Тьма сгущалась с каждой ступенькой. Дуло уже как в трубе — гулко, промозгло, тягуче. Страх разъедал Гришу, осознание того, что он злоупотребил всеми законами гостеприимства, но дикое месиво из… восторга, близости запретной тайны и дёрганых помех перед глазами, которые всё больше походили на воспоминания, тянули его дальше. Когда свет за спиной померк, глаза ещё угадывали очертания ступенек, пусть и в оттенках чёрно-серого: цвета болезненного сна, в коем он тонул до пробуждения на каталке.
Лестница привела Гришу в беспроглядное помещение. Потоки воздуха свирепствовали здесь так, что приходилось даже удерживать равновесие. Самый обычный мужчина пошарил по стене справа и отыскал выключатель.
То, что он ожидал увидеть перед входом в звукозаписывающую студию, предстало сейчас в доводящей до ужаса точности. На цепях скрипели светильники с роем мошек вокруг, колотый кафель на полу покрывали ржавые разводы, стены красовались голым бетоном. Но было что-то ещё: два ряда каких-то металлических дверок, врезанных в стены по бокам, промышленный вентилятор напротив входа, который только чудом не сдувал со столов грязные зубила, молотки, напильники… Гриша отыскал выключатель у самого пола, нагнулся к нему, чтоб отключить, или хотя бы сбавить напор, но передумал. Может, хозяева
Гриша поднялся на согнутых ногах, но бешеное дыхание вентилятора сбило его на пол. Руки завертелись в неуклюжей мельнице и, схватив ближайшую стенную дверку за ручку, потянули на себя. Выкатившийся ящик встал надёжной преградой на пути к полу. Гриша повалился на него спиной и несколько секунд приходил в себя, прежде чем встать и заглянуть, внутрь.
Голову словно прочистили ёршиком — в ящике лежали человеческие ноги.
— Ч-что?..
Обычные мужские волосатые ноги. Неожиданность и ползущая жуть открытия ввергла Гришу в болезненный транс. Держась обеими руками за дверку, он слушал механический вой вентилятора, перекрывающий собственное дыхание, даже мысли, и физически ощущал, как не справляется.
— Почему?.. Как?!
Не до конца понимая, что творит, Гриша потянул ящик на себя. Ноги переросли в таз, затем свет выхватил ничём не примечательное туловище: ни худое, ни толстое, ни подкаченное. Руки, плечи, шея, голова и… лицо — всё было на месте…
…Гриша точно выстрелянный мчался вверх по тёмной лестнице. Ужас ледяными когтями пахтал живот, бороздил грудь, раздирал горло. У тела из ящика было лицо, которое он разглядывал сегодня в зеркале.
Гаврил
На «Долгие вязы» бомж добирался по знаменитой спирали чернокаменского метро.
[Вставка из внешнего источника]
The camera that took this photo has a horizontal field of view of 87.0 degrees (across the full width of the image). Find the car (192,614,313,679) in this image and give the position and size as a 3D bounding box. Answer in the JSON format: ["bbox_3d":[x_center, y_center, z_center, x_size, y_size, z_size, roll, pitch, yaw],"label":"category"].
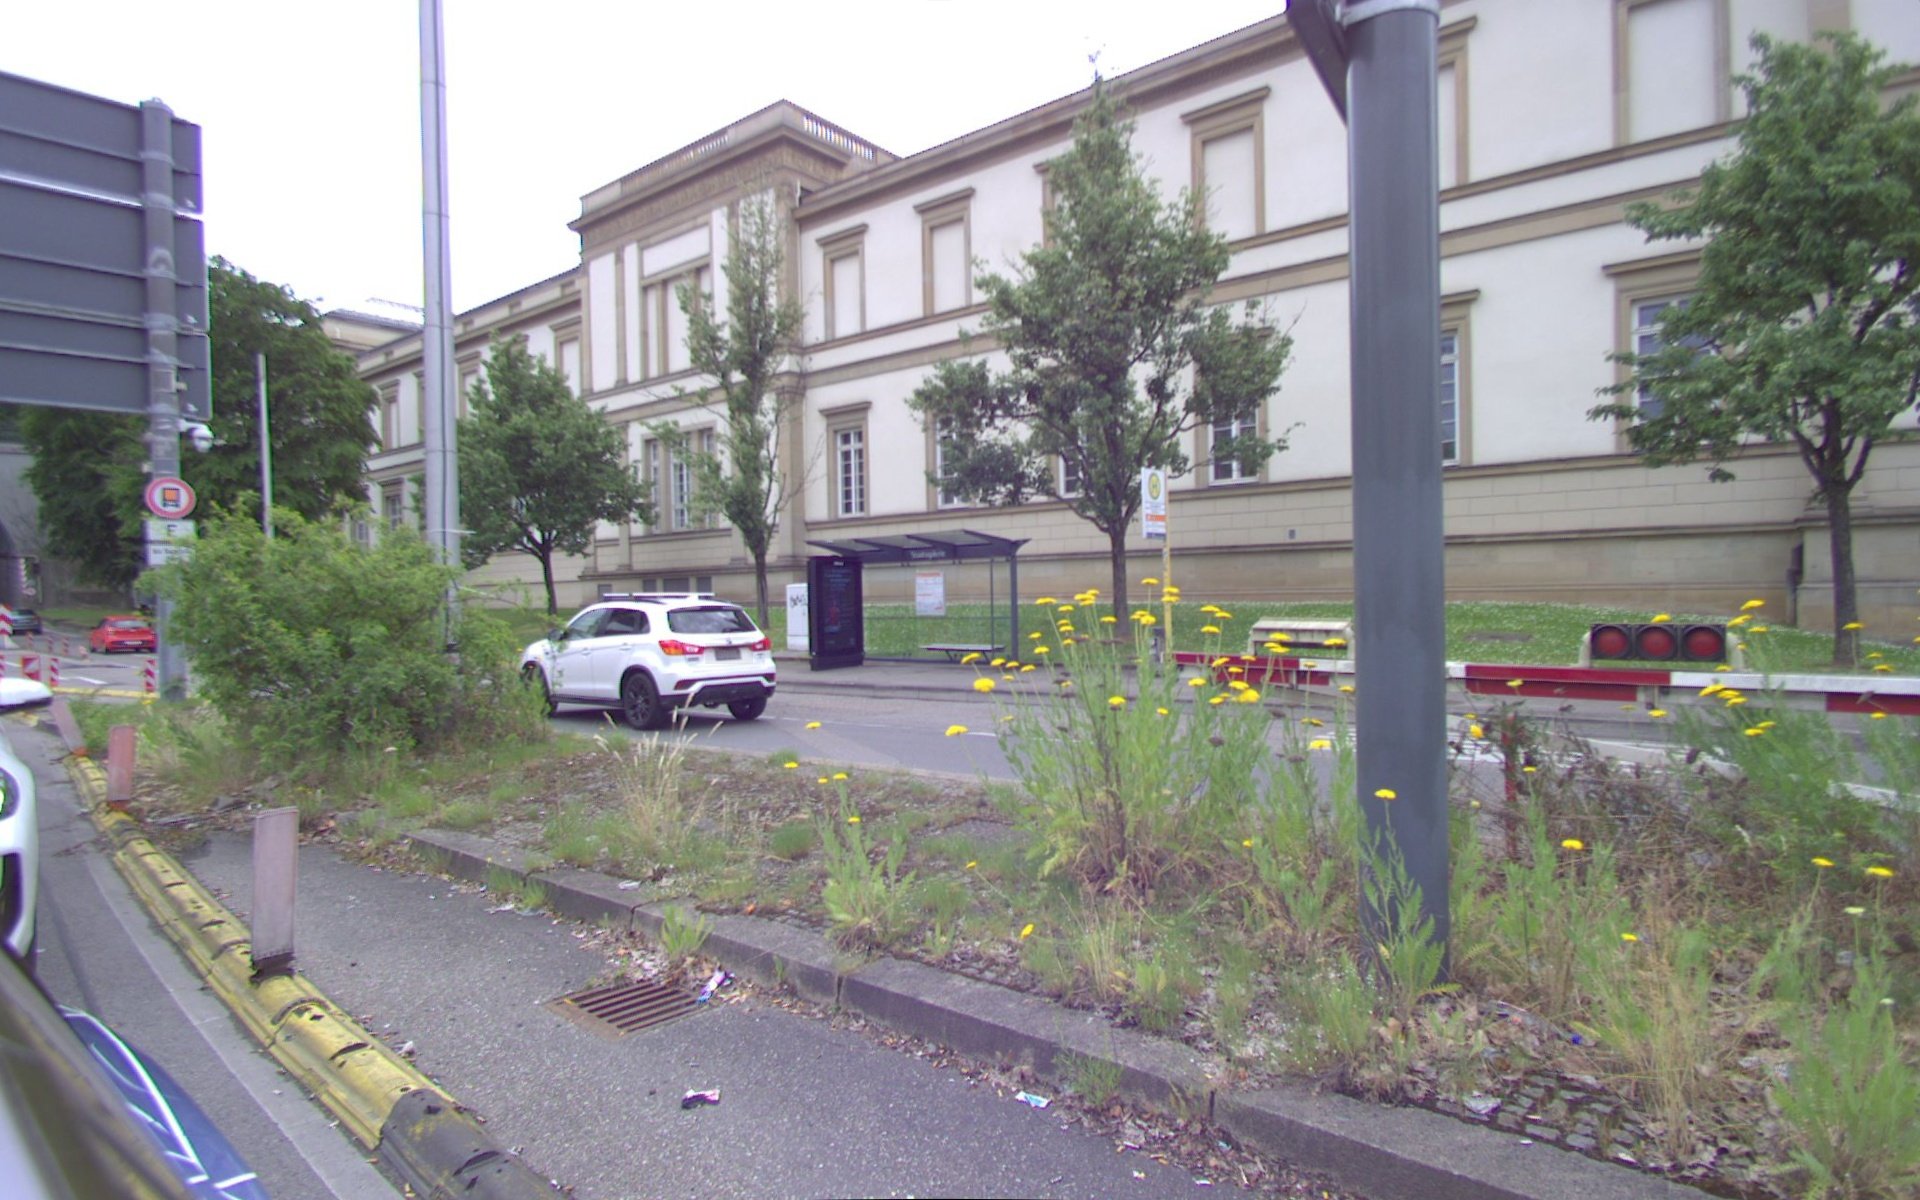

Конечно, он мог срезать по относительно недавно прорытым галереям, превратившим схему подземки в гипнотическую паутину. Но, как все коренные чернокаменцы, Гаврил ощущал особое единение с плавной, медленно сужающейся последовательностью станций, которая, по слухам, точно воспроизводила переход между пограничными состояниями души.